Centre Européen de recherche sur le Risque, le Droit des Accidents Collectifs et des Catastrophes (UR n°3992)

Non classé

CHRONIQUE DU DOMMAGE CORPOREL, C. Lienhard et C. Szwarc

CHRONIQUE DU DOMMAGE CORPOREL

 

Claude Lienhard
Avocat spécialisé en Droit du dommage corporel
Professeur émérite des Universités
Directeur honoraire du CERDACC
et
Catherine Szwarc
Avocate spécialisée en Droit du dommage corporel

 

I – Du côté des barèmes par analogie et pas par anecdote :

De manière générale la mise en place de barème doit être regardée avec beaucoup de méfiance.
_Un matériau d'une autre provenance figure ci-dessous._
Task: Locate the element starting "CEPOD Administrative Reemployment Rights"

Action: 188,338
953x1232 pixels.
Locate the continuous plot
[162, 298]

La barémisation dans sa philosophie vise à brider le juge quelle que soit la matière concernée, ici les pensions alimentaires, là le dommage corporel, ailleurs le droit du travail.

Les nouveaux barèmes de dommages et intérêts instaurés en septembre 2017 par les ordonnances travail font l’objet aujourd’hui d’un vent de fronde des Conseils de Prud’hommes.
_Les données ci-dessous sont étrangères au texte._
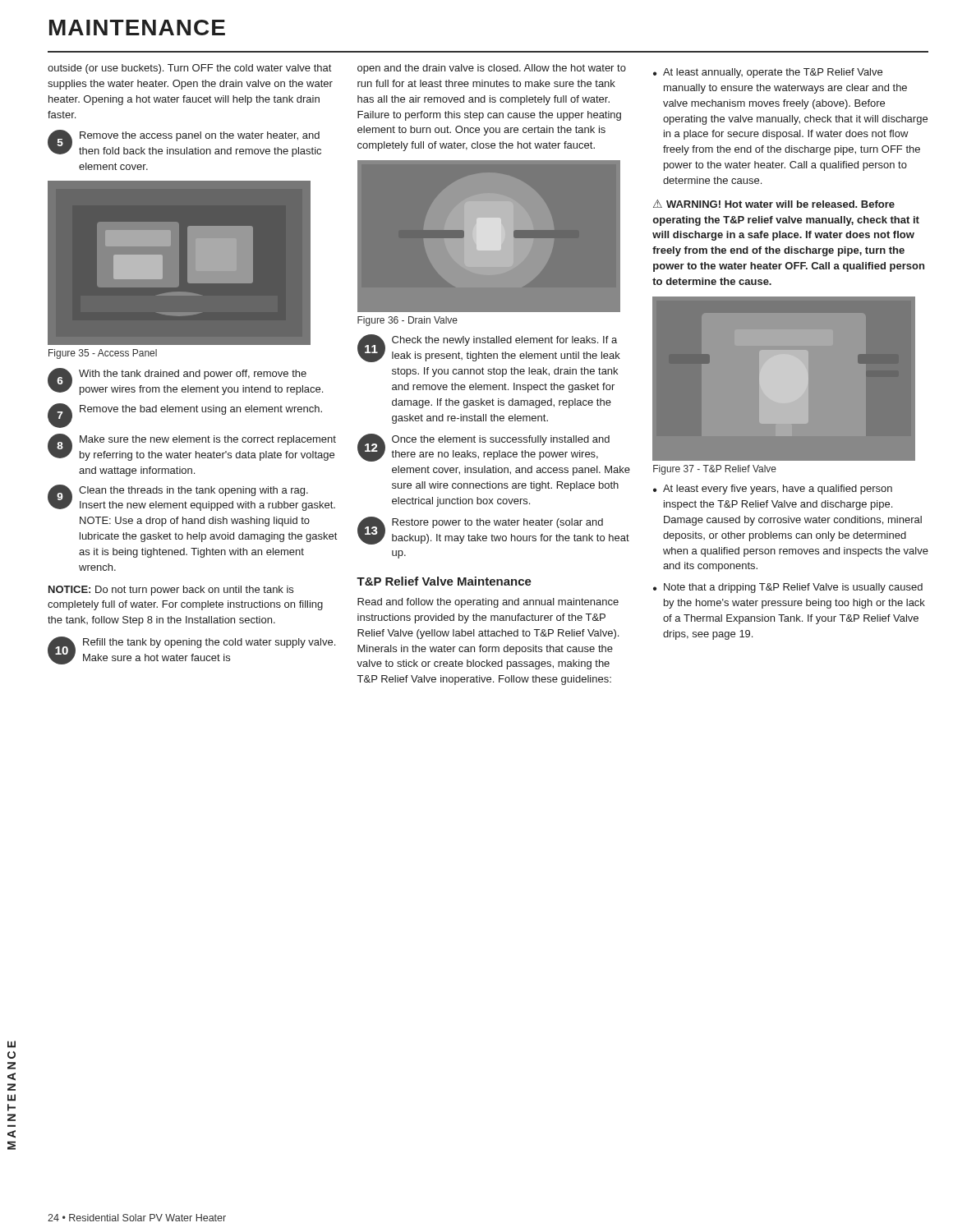Select the text starting "Figure 36 - Drain"

tap(407, 320)

Ainsi les Conseils de Prud’hommes d’Angers (08.11.2018), de Troyes (13.12.2018), d’Amiens (19.12.2018), de Lyon (21.12.2018) ont tous rejeté le plafonnement des indemnités faisant preuve de résistance ou entrant en « rébellion » de façon argumentée et motivée.

Le syndicat des avocats de France a élaboré un argumentaire à disposition des salariés, des défenseurs syndicaux et des avocats contre le plafonnement prévu par le nouvel article L. 1235-3 du Code du Travail.

On rappellera que s’appuyant sur la charte sociale européenne, la Cour constitutionnelle en Italie a annulé le barème des Prud’hommes.

C’est peu dire que cette évolution doit être suivie avec attention.

(Rappel des sources : Humanité mardi 8 janv. 2019, « Les Prud’hommes entrent en rébellion » ; Aujourd’hui en France vendredi 11 jan. 2019, « Le plafonnement des indemnités prud’homales menacé ? » ; Les Echos 17 janv. 2019 « Barème d’indemnisation : le contre-exemple italien » ; Syndicat des avocats de France argumentaire 6 fév. 2018 A LIRE ICI)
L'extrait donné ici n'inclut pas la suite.